3rd year Economics students have not had an easy time of it. They are the first cohort to have had January exams in both their first and second years, with second year January exams going so badly that all 600 Macroeconomics students had their grade bumped up by ten marks. Keep in mind also that they did three exams in less than 48 hours over the January period. The department learned their lesson: January exams needed to be modified. Current second years have Lent term exams weighted at only 25% instead of 50% of their grade, and Econ students in their third year don’t have Lent term exams.
Yet after the disillusion with the Economics department had settled down, and after people had reconciled themselves to their low marks, a friend told me, “Actually, January exams are probably a good thing. Can you imagine if our entire mark was solely dependent on how we did in four exams at the end of the year?”
Imagine that indeed. I can almost see why exam-based assessment is a necessity for more quantitative modules, even though I think assessment should be spread out across the year: perhaps two exams not weighted very heavily at the end of the Michaelmas and Lent terms respectively, to give students December completely off. But as a former GV101 and GV245 student, I have no idea why departments still insist on testing your ability to write an essay under exam conditions. Surely if they want to know how well you can write an essay, the easiest way is to write an essay as part of assessed coursework? Writing four essays in three hours — as poor GV100 students have to do –is not a good way of testing anything apart from how well you have memorised previously created essay plans.
In third year, most Government options are assessed purely based on how effectively you write an essay. One of my most rewarding academic experiences so far has been writing my GV309 summative 3500 word essay on Brexit, carefully evaluating facts and opinions and honestly, learning far more than I would have had I just memorised readings and hastily written a sub-par essay in an exam. The same goes for both my PH230 Einstein for Everyone essays — summative essays allow you to explore your interests in greater depth and engage more with your subject, than if you had maintained a broad focus because you didn’t know would be asked in an exam. I do accept that exams have their role, but why can’t GV100 and GV245 and all the other Government 2nd year modules move towards assessment that is at least 50% essay, 50% exam: where you write one or two essays that are assessed in a year? I know the History department also, bizarrely, maintains 100% exam assessment for many of its modules. It beggars the imagination.

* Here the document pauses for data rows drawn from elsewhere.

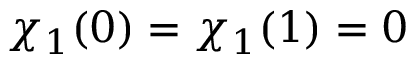<formula> <loc_0><loc_0><loc_500><loc_500>\chi _ { 1 } ( 0 ) = \chi _ { 1 } ( 1 ) = 0</formula> 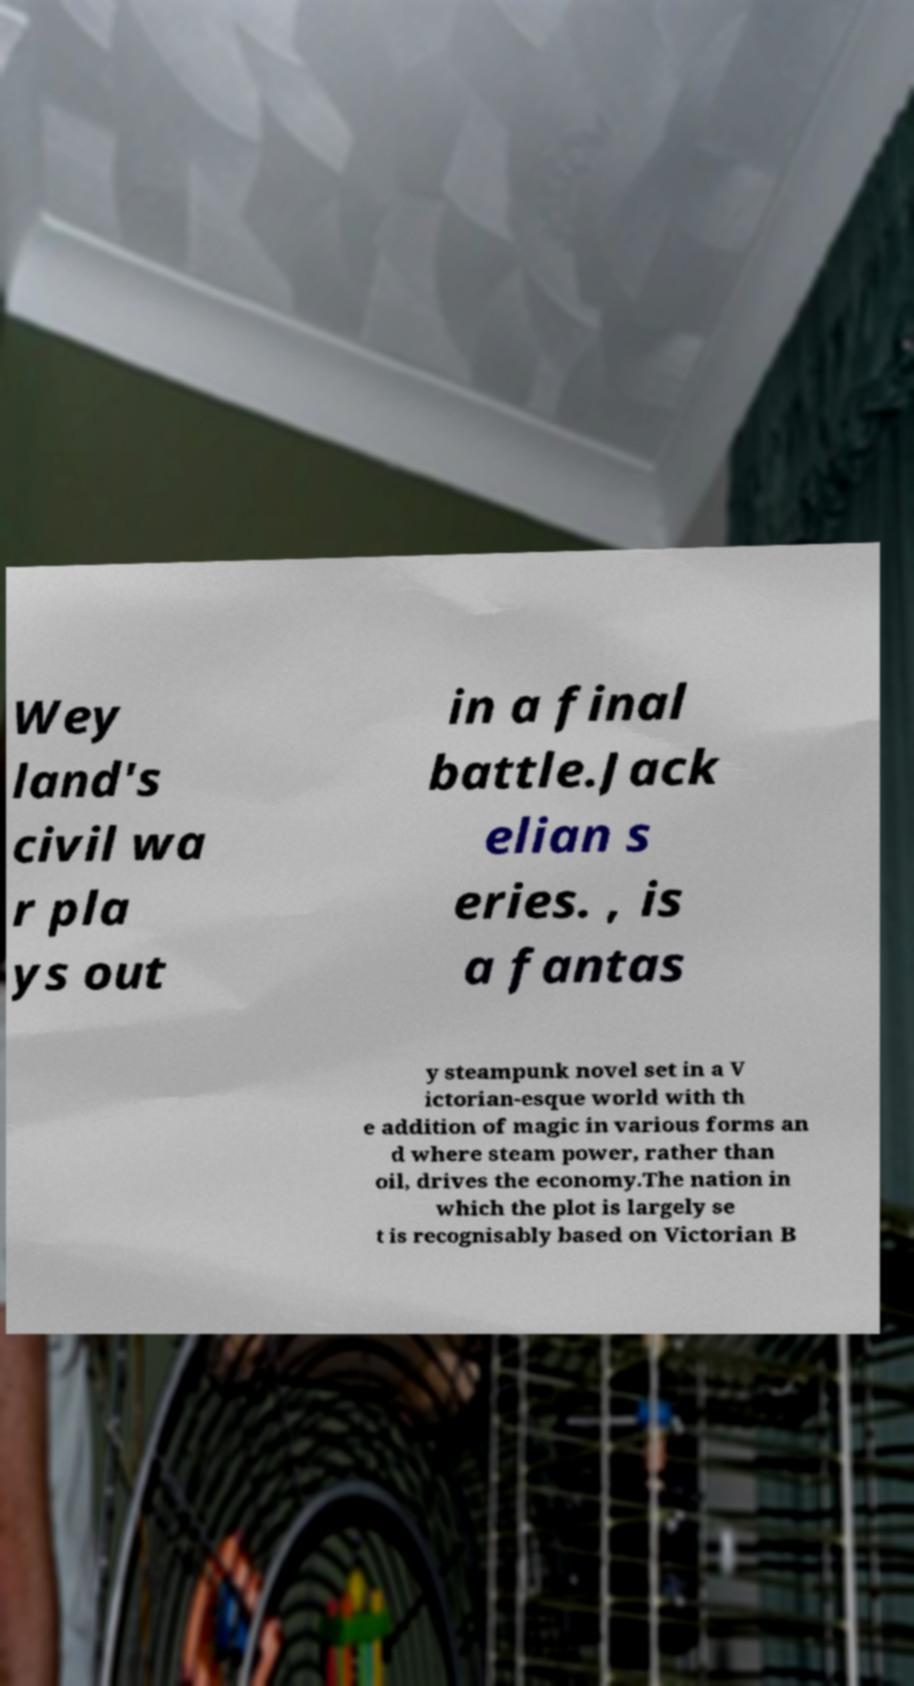Could you assist in decoding the text presented in this image and type it out clearly? Wey land's civil wa r pla ys out in a final battle.Jack elian s eries. , is a fantas y steampunk novel set in a V ictorian-esque world with th e addition of magic in various forms an d where steam power, rather than oil, drives the economy.The nation in which the plot is largely se t is recognisably based on Victorian B 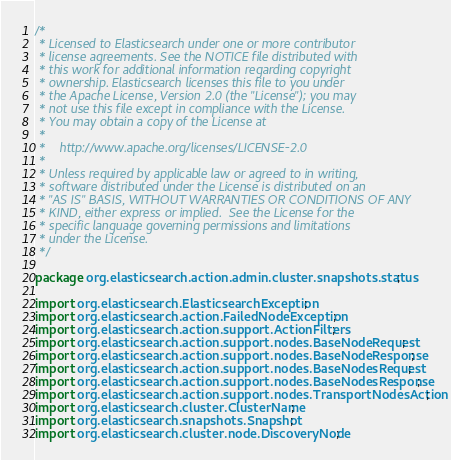<code> <loc_0><loc_0><loc_500><loc_500><_Java_>/*
 * Licensed to Elasticsearch under one or more contributor
 * license agreements. See the NOTICE file distributed with
 * this work for additional information regarding copyright
 * ownership. Elasticsearch licenses this file to you under
 * the Apache License, Version 2.0 (the "License"); you may
 * not use this file except in compliance with the License.
 * You may obtain a copy of the License at
 *
 *    http://www.apache.org/licenses/LICENSE-2.0
 *
 * Unless required by applicable law or agreed to in writing,
 * software distributed under the License is distributed on an
 * "AS IS" BASIS, WITHOUT WARRANTIES OR CONDITIONS OF ANY
 * KIND, either express or implied.  See the License for the
 * specific language governing permissions and limitations
 * under the License.
 */

package org.elasticsearch.action.admin.cluster.snapshots.status;

import org.elasticsearch.ElasticsearchException;
import org.elasticsearch.action.FailedNodeException;
import org.elasticsearch.action.support.ActionFilters;
import org.elasticsearch.action.support.nodes.BaseNodeRequest;
import org.elasticsearch.action.support.nodes.BaseNodeResponse;
import org.elasticsearch.action.support.nodes.BaseNodesRequest;
import org.elasticsearch.action.support.nodes.BaseNodesResponse;
import org.elasticsearch.action.support.nodes.TransportNodesAction;
import org.elasticsearch.cluster.ClusterName;
import org.elasticsearch.snapshots.Snapshot;
import org.elasticsearch.cluster.node.DiscoveryNode;</code> 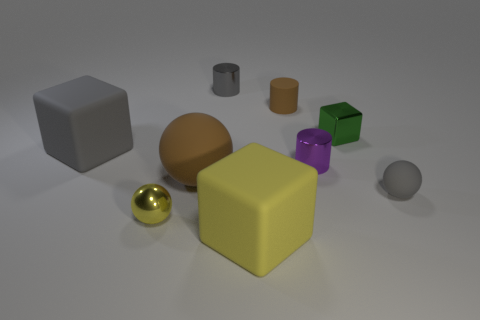Subtract all matte balls. How many balls are left? 1 Subtract 1 spheres. How many spheres are left? 2 Subtract all cylinders. How many objects are left? 6 Add 2 green things. How many green things are left? 3 Add 2 small cyan rubber things. How many small cyan rubber things exist? 2 Subtract 1 green blocks. How many objects are left? 8 Subtract all red matte balls. Subtract all shiny cubes. How many objects are left? 8 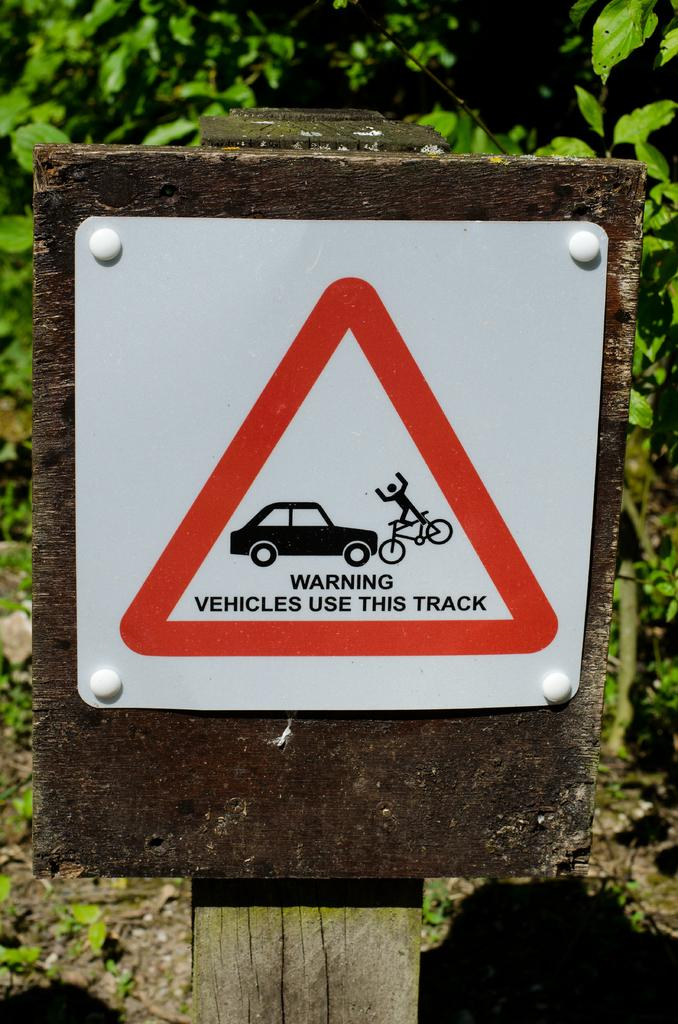What is the main object in the image? There is a sign board in the image. How is the sign board attached? The sign board is attached to a wooden board. What colors are used on the sign board? The sign board is in white, red, and black colors. What can be seen in the background of the image? There are trees visible in the background of the image. What grade is the church in the image? There is no church present in the image, so it is not possible to determine its grade. 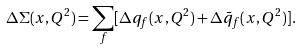<formula> <loc_0><loc_0><loc_500><loc_500>\Delta \Sigma ( x , Q ^ { 2 } ) = \sum _ { f } [ \Delta q _ { f } ( x , Q ^ { 2 } ) + \Delta \bar { q } _ { f } ( x , Q ^ { 2 } ) ] .</formula> 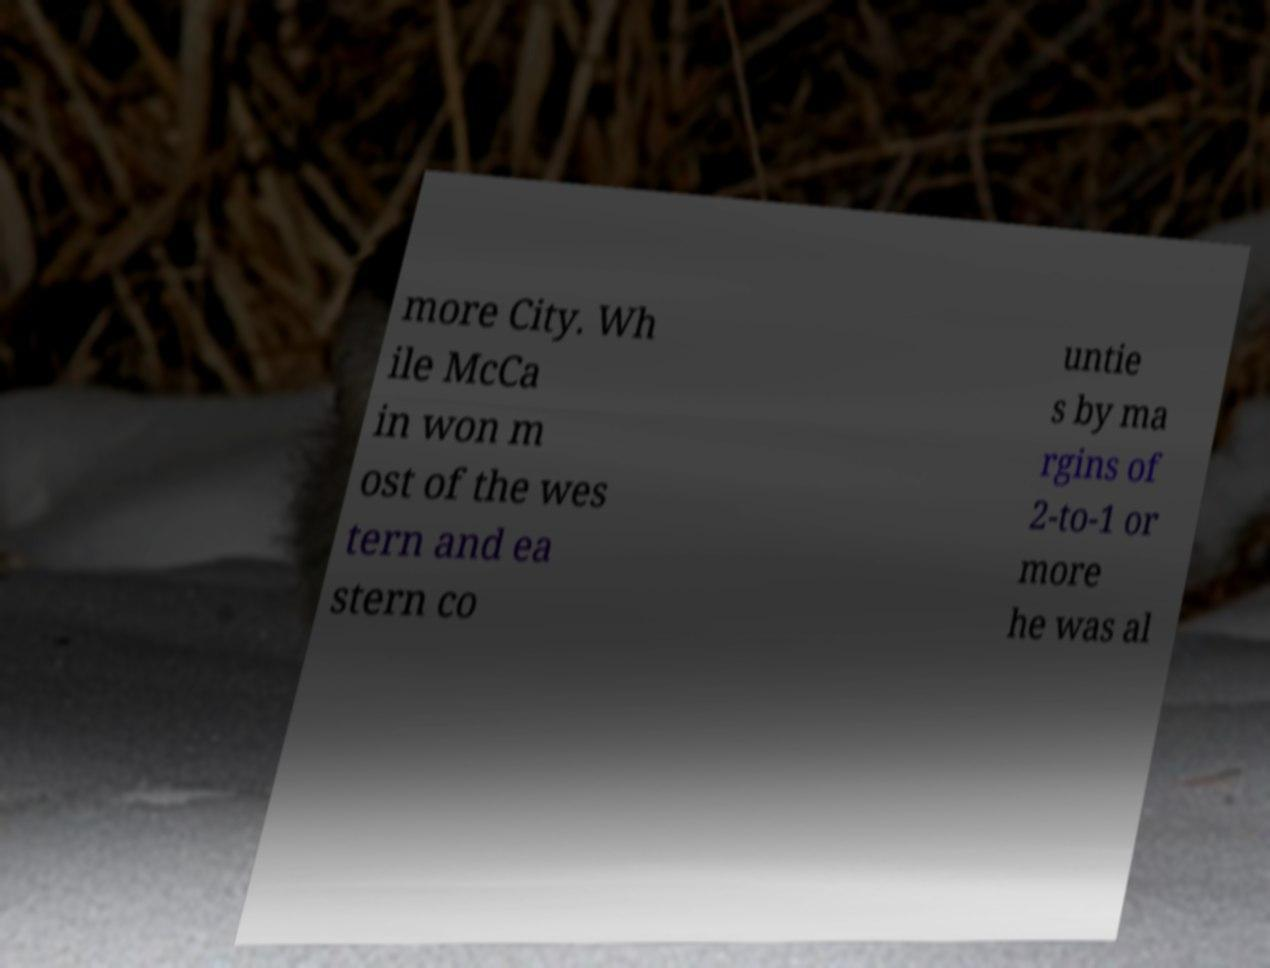Can you read and provide the text displayed in the image?This photo seems to have some interesting text. Can you extract and type it out for me? more City. Wh ile McCa in won m ost of the wes tern and ea stern co untie s by ma rgins of 2-to-1 or more he was al 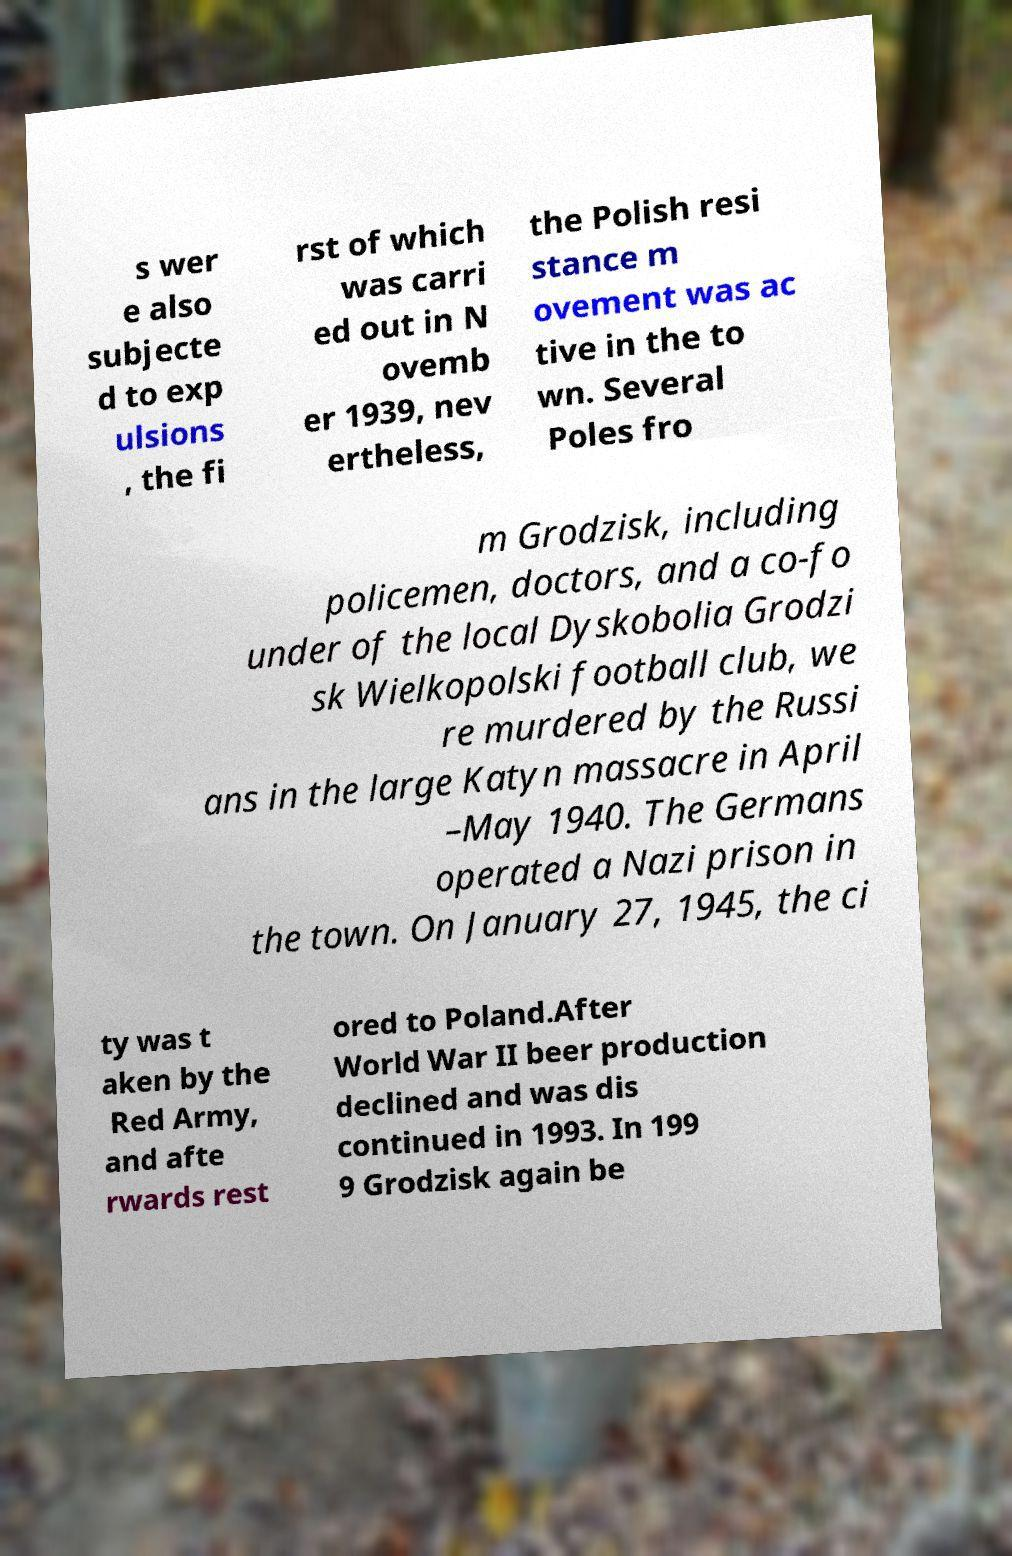Please read and relay the text visible in this image. What does it say? s wer e also subjecte d to exp ulsions , the fi rst of which was carri ed out in N ovemb er 1939, nev ertheless, the Polish resi stance m ovement was ac tive in the to wn. Several Poles fro m Grodzisk, including policemen, doctors, and a co-fo under of the local Dyskobolia Grodzi sk Wielkopolski football club, we re murdered by the Russi ans in the large Katyn massacre in April –May 1940. The Germans operated a Nazi prison in the town. On January 27, 1945, the ci ty was t aken by the Red Army, and afte rwards rest ored to Poland.After World War II beer production declined and was dis continued in 1993. In 199 9 Grodzisk again be 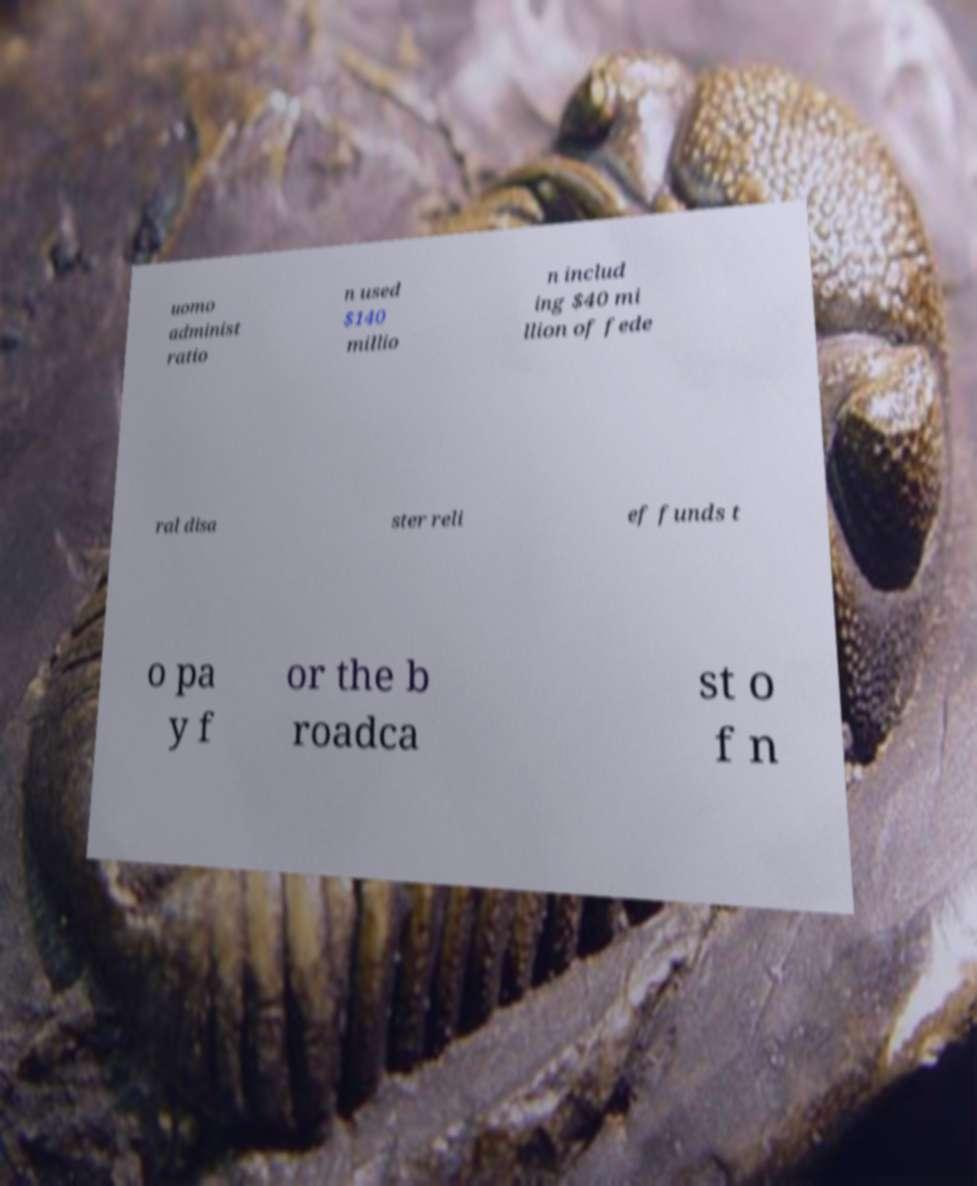What messages or text are displayed in this image? I need them in a readable, typed format. uomo administ ratio n used $140 millio n includ ing $40 mi llion of fede ral disa ster reli ef funds t o pa y f or the b roadca st o f n 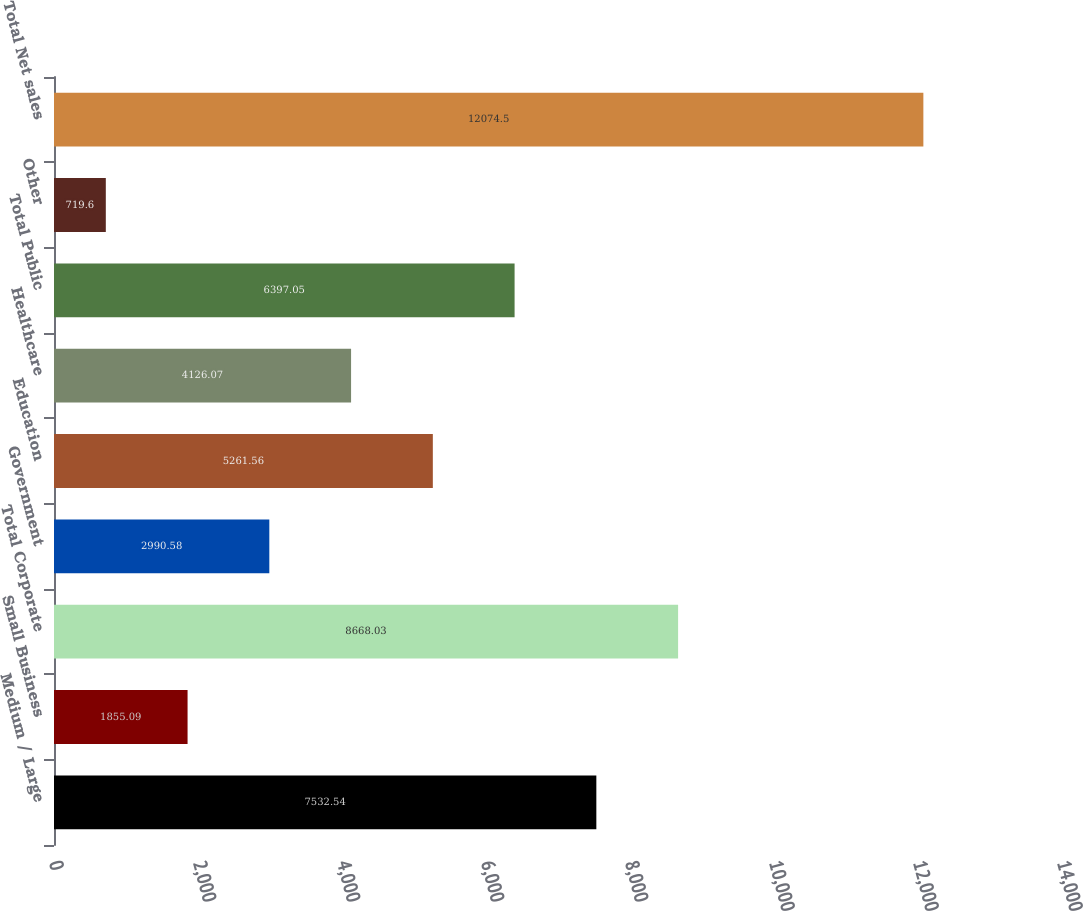<chart> <loc_0><loc_0><loc_500><loc_500><bar_chart><fcel>Medium / Large<fcel>Small Business<fcel>Total Corporate<fcel>Government<fcel>Education<fcel>Healthcare<fcel>Total Public<fcel>Other<fcel>Total Net sales<nl><fcel>7532.54<fcel>1855.09<fcel>8668.03<fcel>2990.58<fcel>5261.56<fcel>4126.07<fcel>6397.05<fcel>719.6<fcel>12074.5<nl></chart> 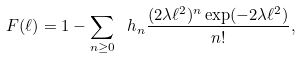<formula> <loc_0><loc_0><loc_500><loc_500>\ F ( \ell ) = 1 - \sum _ { n \geq 0 } \ h _ { n } \frac { ( 2 \lambda \ell ^ { 2 } ) ^ { n } \exp ( - 2 \lambda \ell ^ { 2 } ) } { n ! } ,</formula> 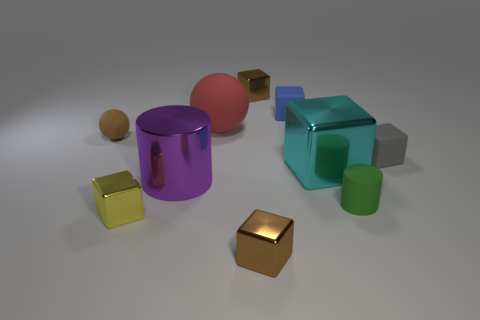Can you tell me the colors of all the objects in the image? Certainly! In the image, we have objects in several distinct colors: a pink sphere, a brown and a golden cube, a green cylinder, a yellow cube, a blue cube, and a purple cylinder with a cut-through hole. 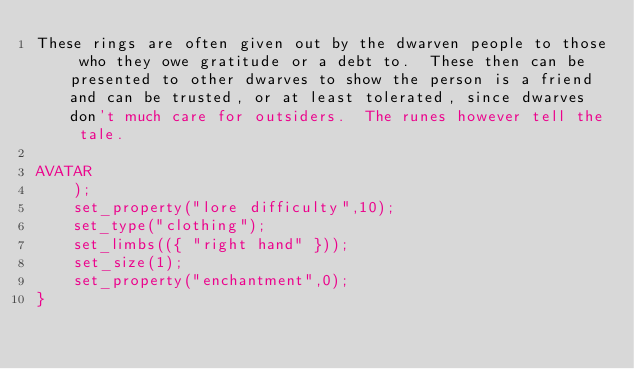Convert code to text. <code><loc_0><loc_0><loc_500><loc_500><_C_>These rings are often given out by the dwarven people to those who they owe gratitude or a debt to.  These then can be presented to other dwarves to show the person is a friend and can be trusted, or at least tolerated, since dwarves don't much care for outsiders.  The runes however tell the tale.

I am happy to see a push to diversify assessment by Paul Kelly and the Students’ Union, but departments need to be quicker in adopting the trend. What are they trying to achieve in sticking to an antiquated exam-based system that makes very little sense for qualitative subjects? Diversified assessment is the way forward: it is less stressful, more rewarding, and leaves you with a better and deeper understanding of your subject. It’s a shame that not everyone at the LSE has realised this yet.